Especialmente me sorprende uno de ellos, un retrato más pequeño, en el que se muestra a Adolf vistiendo una bata blanca de investigador, un casco de contención  y lo que parece ser un rudimentario reloj de bolsillo de grandes proporciones.

            El mayordomo me abandona en la habitación rehusando ofrecerme  una bebida,  me indica que me siente en uno de los sillones y no me mueva. Obviando sus instrucciones, me paseo por la sala intentando adivinar si estoy siendo observado. A simple vista no aprecio ningún dispositivo de grabación, ni puerta oculta por la que me puedan sorprender, pero no me abandona la sensación de estar siendo vigilado.  Mis instintos me llevan hasta un mueble bar refrigerado que está situado en una de las esquinas.  La situación me ha puesto extremadamente nervioso, me noto  el pulso acelerado y la garganta seca, necesito un trago. No me importa que me pillen saqueando los excelentes licores del Señor Churchill, máxime cuando de adivina un botín  tan excelente.

Las gruesas paredes  de acero del mueble le dan el aspecto de una caja fuerte mal diseñada.

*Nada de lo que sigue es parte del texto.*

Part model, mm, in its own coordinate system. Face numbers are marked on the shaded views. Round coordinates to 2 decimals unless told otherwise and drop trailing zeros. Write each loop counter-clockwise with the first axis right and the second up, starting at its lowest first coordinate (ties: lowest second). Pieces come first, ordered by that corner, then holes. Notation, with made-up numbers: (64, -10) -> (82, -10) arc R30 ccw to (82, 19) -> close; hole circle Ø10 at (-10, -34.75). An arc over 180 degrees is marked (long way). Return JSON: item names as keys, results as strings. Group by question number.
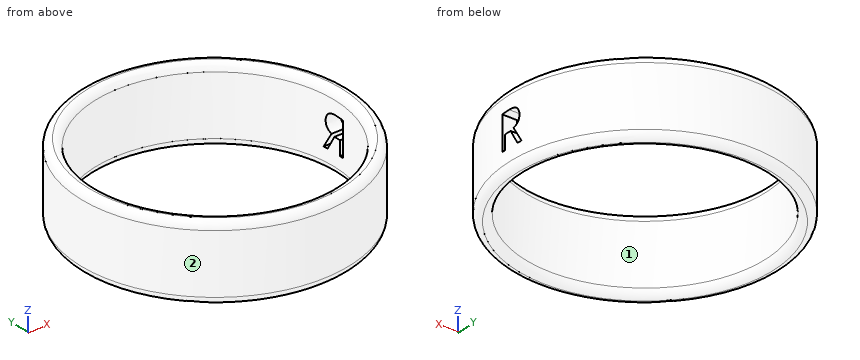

Doradas bisagras con motivos florales sostienen la puerta principal que se encuentra situada a la altura de mi pecho. Abro la puerta  y unas lucecillas se encienden en el interior iluminando y realzando el color y la textura de las bebidas. Un aire gélido escapa por la puerta, una pesada plancha de acero, excesivamente gruesa  y con bordes magnéticos,  especialmente diseñada para cerrar herméticamente y mantener el frío.  Al comprobar el contenido del mueble, abro los ojos desmesuradamente, vinos de color dorado, licores de café destilado, esencias de Ocre. Sin poder evitarlo comienzo  a salivar y a tragar con desmesura, mis manos tiemblan y mi cuerpo protesta bajo los efectos del síndrome de abstinencia. Devoro con la vista el contenido del mueble y  mis ojos se posan en otro objeto en el que no había reparado hasta el momento. Escondido en un rincón y tras una botella de bourbon, de nombre desconocido para mí, hay un pequeño cofre marcado en su parte frontal con unas letras y números. “S10M3C”.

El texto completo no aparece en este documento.